» WHAT IS REQUIRED
Give the number of lines containing "gemaakt" in this listing, with no other words.

» DATA FOR PROCESSING
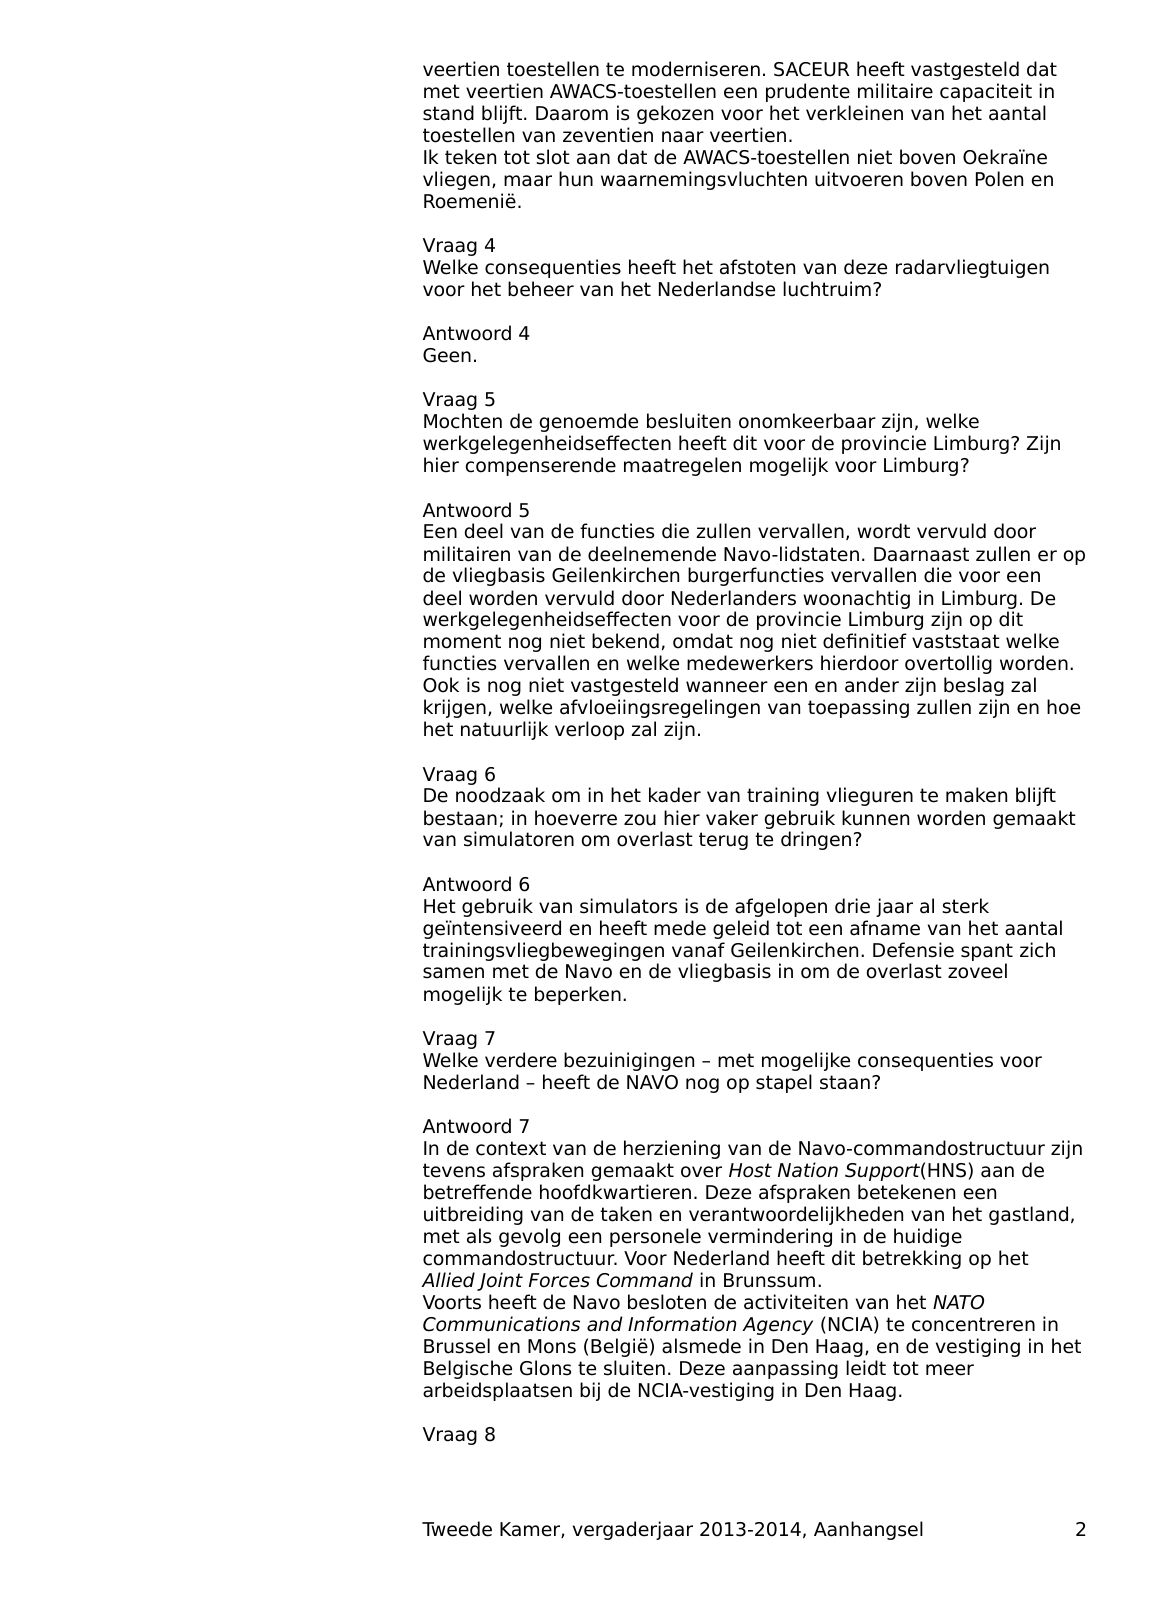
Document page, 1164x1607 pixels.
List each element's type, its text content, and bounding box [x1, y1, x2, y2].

text Vraag 8 [422, 1424, 1087, 1446]
text Welke verdere bezuinigingen – met mogelijke consequenties voor Nederland – heeft de NAVO nog op stapel staan? [422, 1049, 1087, 1093]
text Ik teken tot slot aan dat de AWACS-toestellen niet boven Oekraïne vliegen, maar hun waarnemingsvluchten uitvoeren boven Polen en Roemenië. [422, 147, 1087, 213]
text Het gebruik van simulators is de afgelopen drie jaar al sterk geïntensiveerd en heeft mede geleid tot een afname van het aantal trainingsvliegbewegingen vanaf Geilenkirchen. Defensie spant zich samen met de Navo en de vliegbasis in om de overlast zoveel mogelijk te beperken. [422, 896, 1087, 1005]
text De noodzaak om in het kader van training vlieguren te maken blijft bestaan; in hoeverre zou hier vaker gebruik kunnen worden gemaakt van simulatoren om overlast terug te dringen? [422, 785, 1087, 851]
text Voorts heeft de Navo besloten de activiteiten van het NATO Communications and Information Agency (NCIA) te concentreren in Brussel en Mons (België) alsmede in Den Haag, en de vestiging in het Belgische Glons te sluiten. Deze aanpassing leidt tot meer arbeidsplaatsen bij de NCIA-vestiging in Den Haag. [422, 1292, 1087, 1401]
text Vraag 7 [422, 1028, 1087, 1049]
text Vraag 4 [422, 235, 1087, 257]
text Vraag 6 [422, 763, 1087, 785]
text Antwoord 4 [422, 323, 1087, 345]
text veertien toestellen te moderniseren. SACEUR heeft vastgesteld dat met veertien AWACS-toestellen een prudente militaire capaciteit in stand blijft. Daarom is gekozen voor het verkleinen van het aantal toestellen van zeventien naar veertien. [422, 59, 1087, 147]
text Een deel van de functies die zullen vervallen, wordt vervuld door militairen van de deelnemende Navo-lidstaten. Daarnaast zullen er op de vliegbasis Geilenkirchen burgerfuncties vervallen die voor een deel worden vervuld door Nederlanders woonachtig in Limburg. De werkgelegenheidseffecten voor de provincie Limburg zijn op dit moment nog niet bekend, omdat nog niet definitief vaststaat welke functies vervallen en welke medewerkers hierdoor overtollig worden. Ook is nog niet vastgesteld wanneer een en ander zijn beslag zal krijgen, welke afvloeiingsregelingen van toepassing zullen zijn en hoe het natuurlijk verloop zal zijn. [422, 521, 1087, 741]
text Antwoord 7 [422, 1116, 1087, 1138]
text Mochten de genoemde besluiten onomkeerbaar zijn, welke werkgelegenheidseffecten heeft dit voor de provincie Limburg? Zijn hier compenserende maatregelen mogelijk voor Limburg? [422, 411, 1087, 477]
text Antwoord 6 [422, 873, 1087, 896]
text Geen. [422, 345, 1087, 367]
text Antwoord 5 [422, 499, 1087, 521]
text In de context van de herziening van de Navo-commandostructuur zijn tevens afspraken gemaakt over Host Nation Support(HNS) aan de betreffende hoofdkwartieren. Deze afspraken betekenen een uitbreiding van de taken en verantwoordelijkheden van het gastland, met als gevolg een personele vermindering in de huidige commandostructuur. Voor Nederland heeft dit betrekking op het Allied Joint Forces Command in Brunssum. [422, 1138, 1087, 1292]
text Welke consequenties heeft het afstoten van deze radarvliegtuigen voor het beheer van het Nederlandse luchtruim? [422, 257, 1087, 301]
text Vraag 5 [422, 389, 1087, 411]

» EXERCISE SOLUTION
2